Tuesday, August 12, 2008

A Week Off Off

Catherine and I saw three shows during the past week; nothing much unusual there. Catherine actually saw a fourth—a friend of ours got her a ticket for Hair at the Delacourt on Wednesday (I stayed home to do some work on my own play, Floydada, because I don't know Hair or have any special fondness for it as Catherine does). I spent a lot of time this afternoon trying to come up with a single title for this post that could encapsulate them all... and, obviously, I failed miserably. Regardless, I thought I'd share my thoughts on them with you all.

The first was Robert Lyons' Red Haired Thomas in Soho Think Tank's Ice Factory festival at the Ohio. It's a quirky little play about a gambler—a nice, family man—and how his personal and professional problems propel him into a delusional reality.
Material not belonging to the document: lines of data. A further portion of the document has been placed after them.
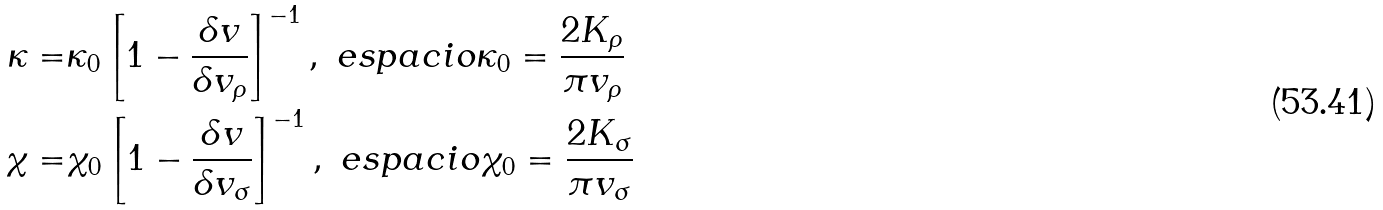Convert formula to latex. <formula><loc_0><loc_0><loc_500><loc_500>\kappa = & \kappa _ { 0 } \left [ 1 - \frac { \delta v } { \delta v _ { \rho } } \right ] ^ { - 1 } , \ e s p a c i o \kappa _ { 0 } = \frac { 2 K _ { \rho } } { \pi v _ { \rho } } \\ \chi = & \chi _ { 0 } \left [ 1 - \frac { \delta v } { \delta v _ { \sigma } } \right ] ^ { - 1 } , \ e s p a c i o \chi _ { 0 } = \frac { 2 K _ { \sigma } } { \pi v _ { \sigma } }</formula> 
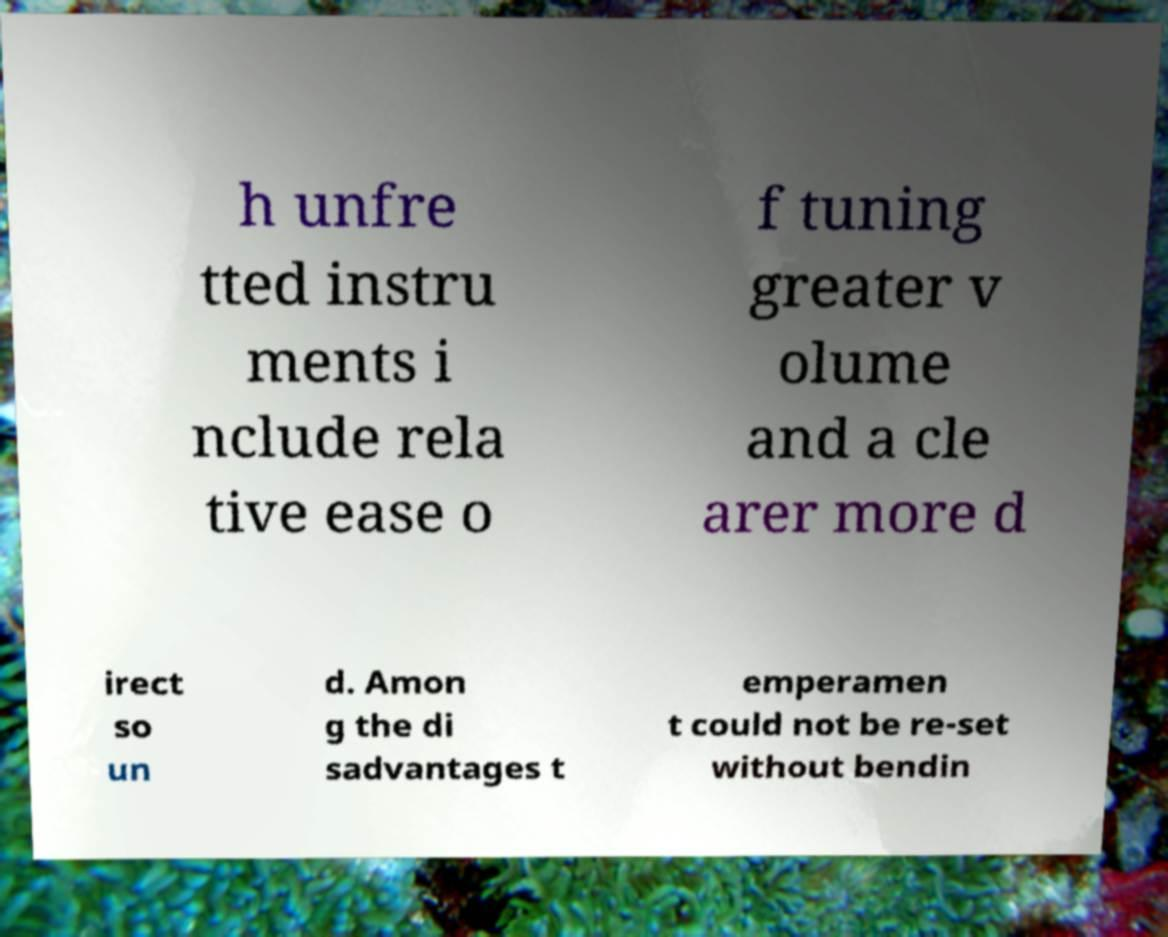Could you extract and type out the text from this image? h unfre tted instru ments i nclude rela tive ease o f tuning greater v olume and a cle arer more d irect so un d. Amon g the di sadvantages t emperamen t could not be re-set without bendin 
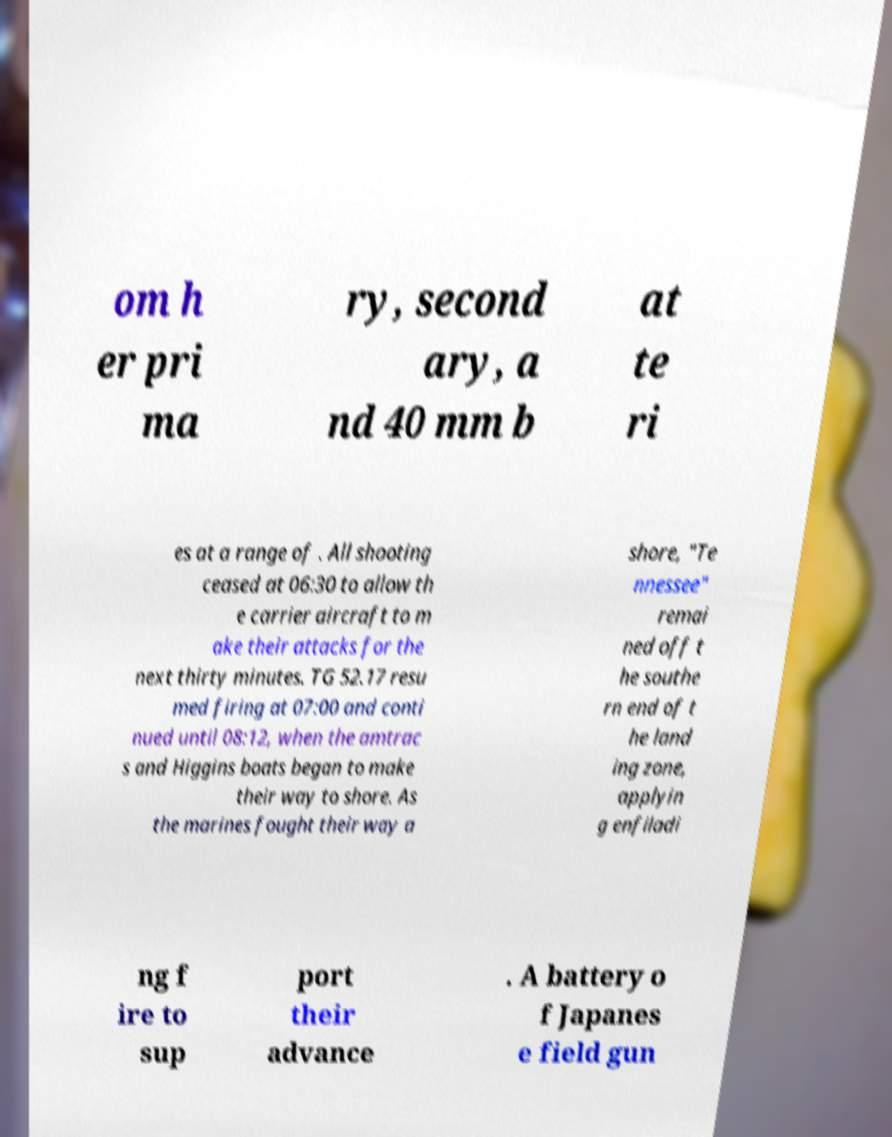Please read and relay the text visible in this image. What does it say? om h er pri ma ry, second ary, a nd 40 mm b at te ri es at a range of . All shooting ceased at 06:30 to allow th e carrier aircraft to m ake their attacks for the next thirty minutes. TG 52.17 resu med firing at 07:00 and conti nued until 08:12, when the amtrac s and Higgins boats began to make their way to shore. As the marines fought their way a shore, "Te nnessee" remai ned off t he southe rn end of t he land ing zone, applyin g enfiladi ng f ire to sup port their advance . A battery o f Japanes e field gun 
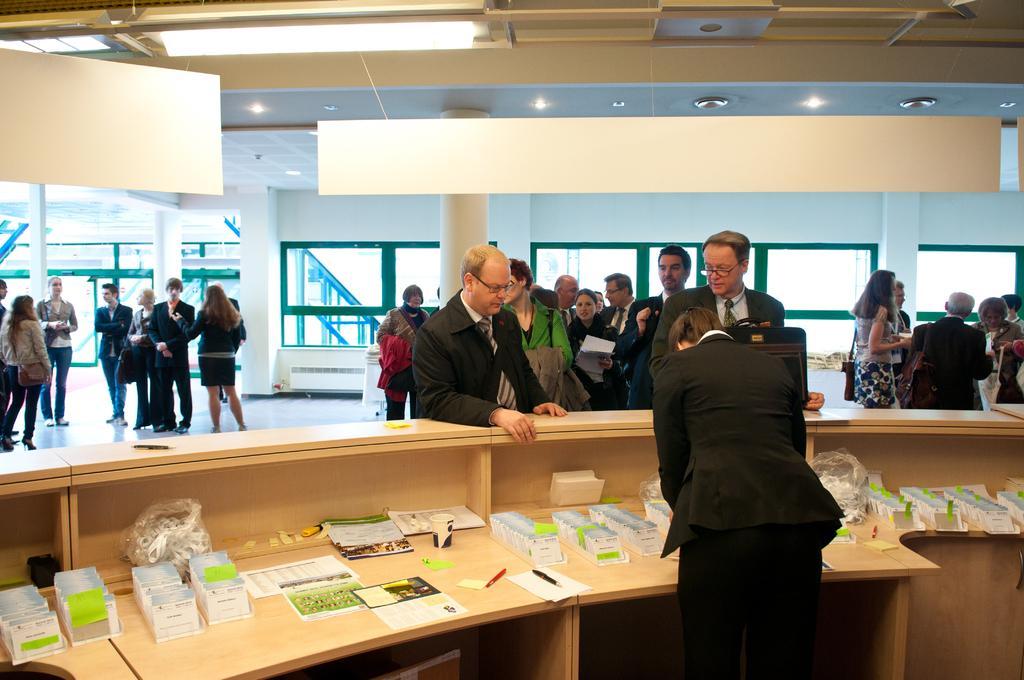Can you describe this image briefly? In this picture we can see cards, papers, glass, pens, plastic covers, tables, box, bags, spectacles and a group of people standing on the floor and in the background we can see the lights, pillars, windows and some objects.

There's a lot to like in the piece: interesting characters and relationships (I especially enjoyed the scenes between the gambler and his pre-teenage daughter as he tries to offer her life lessons), an intriguing use of language (both natural dialogue and more poetic abstractions) and it offers an unusual perspective on our expectations of the American Dream. There were several times when it difficult to hear the actors—always a possibility in the Ohio (a great space but a big ol' barn!)—and there a few other production elements that could have been tighter. But it's never predictable and a thoroughly entertaining play; I'm anxious to see what Robert will do with it next.... rumor has it, you may be seeing something next spring...
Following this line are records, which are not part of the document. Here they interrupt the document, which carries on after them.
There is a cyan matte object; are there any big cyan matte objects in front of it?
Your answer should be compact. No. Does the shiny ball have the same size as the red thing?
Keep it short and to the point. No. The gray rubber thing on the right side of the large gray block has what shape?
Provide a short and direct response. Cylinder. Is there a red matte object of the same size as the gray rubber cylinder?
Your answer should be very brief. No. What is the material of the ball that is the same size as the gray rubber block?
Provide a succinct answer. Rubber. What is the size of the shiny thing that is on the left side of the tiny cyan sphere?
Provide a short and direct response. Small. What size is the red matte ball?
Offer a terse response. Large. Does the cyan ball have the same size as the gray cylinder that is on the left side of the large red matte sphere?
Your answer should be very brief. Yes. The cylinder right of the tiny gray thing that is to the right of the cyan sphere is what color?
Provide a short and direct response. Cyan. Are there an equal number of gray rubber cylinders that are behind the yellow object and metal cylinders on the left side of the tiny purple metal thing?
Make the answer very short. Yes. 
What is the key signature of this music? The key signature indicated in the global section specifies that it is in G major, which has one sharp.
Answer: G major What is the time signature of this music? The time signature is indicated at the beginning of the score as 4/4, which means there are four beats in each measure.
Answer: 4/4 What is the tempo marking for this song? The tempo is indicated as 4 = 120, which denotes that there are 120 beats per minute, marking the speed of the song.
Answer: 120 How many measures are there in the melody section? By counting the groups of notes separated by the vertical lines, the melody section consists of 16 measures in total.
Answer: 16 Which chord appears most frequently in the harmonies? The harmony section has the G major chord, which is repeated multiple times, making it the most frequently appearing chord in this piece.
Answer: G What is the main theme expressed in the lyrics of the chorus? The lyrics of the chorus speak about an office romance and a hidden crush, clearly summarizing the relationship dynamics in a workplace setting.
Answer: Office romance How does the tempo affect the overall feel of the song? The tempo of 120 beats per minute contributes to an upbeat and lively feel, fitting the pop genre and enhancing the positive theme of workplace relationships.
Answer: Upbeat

On Friday, we went to McCarren Park Pool in Brooklyn for Caridad Svitch's 12 Ophelias, which riffs on Hamlet by setting it in a Louisiana bayou (or that's what I imagined: apparently it was supposed to be Appalachia, according to the company's website) and focusing on the character of Ophelia (hence the title... however, the 12 part wasn't at all clear to me). I know Hamlet extremely well (I directed it in college and have seen several productions over the years—the 1988 Bergman production in Swedish is, to this day, the best piece of theater I've ever seen) but it's not really necessary for this play. Caridad has a gift for stylized, poetic language that still seems oddly appropriate for the characters she's created. Unfortunately, 12 Ophelias doesn't have a very strong story arc (the characters and relationships are based on Hamlet but the plot isn't), it's a little repetitive and the characters here tend to talk about their goals more than they pursue them. On top of this, the production by Woodshed Collective actually highlights these weaknesses—director Teddy Bergman has used the space visually very well (it's staged in the round in the middle of the empty Olympics-size pool) but he's done little to help the actors: there's a lot of sameness throughout in their vocal intonations and rhythms, like Philip Glass with all of the notes that create tension in the music removed. It's something I see pretty frequently in abstract performances: there's very little drama in the piece, no sense of immediacy at all and I get bored about halfway through. There's an interesting play here but unfortunately this production hasn't found it.

Finally, last night we saw Susan Bernfield's Tiny Feats of Cowardice in fringenyc. I should start by saying that we've been friends with Susan for over 15 years and this particular piece was first performed in one of our BIG ART in small places events in 1997... so I'm hardly 100% objective here. However, the play we saw last night is greatly changed from the one at Judson Church over a decade ago. It's simply Susan, accompanied by a three-piece jazz combo—bass, piano and trap set—telling us about how dealing with her fears (of which she has many more than I ever realized) has shaped her life. In person, Susan is engaging and extremely entertaining and that comes through in her performance; as a writer, she's done a good job of writing for the actor—which ought to be easy when you're the actor, but it isn't. The music, by Rachel Peters, has a nice retro feel... it made me think of Peggy Lee and, indeed, Susan references her at one point in the piece. I would have liked a little more variety in song styles—for the most part, it's swingy jazz rhythms with a couple of slower, softer moments—but I was glad that Peters avoided that McMusical Theater style I hear so often (a Jerry Herman-ish sound without Jerry Herman's talent and skill). Ultimately, however, it's a minor quibble: Tiny Feats is a fun journey into a somewhat twisted psyche that only becomes disturbing when you sometimes realize, "Hey, wait a minute: I think that, too!"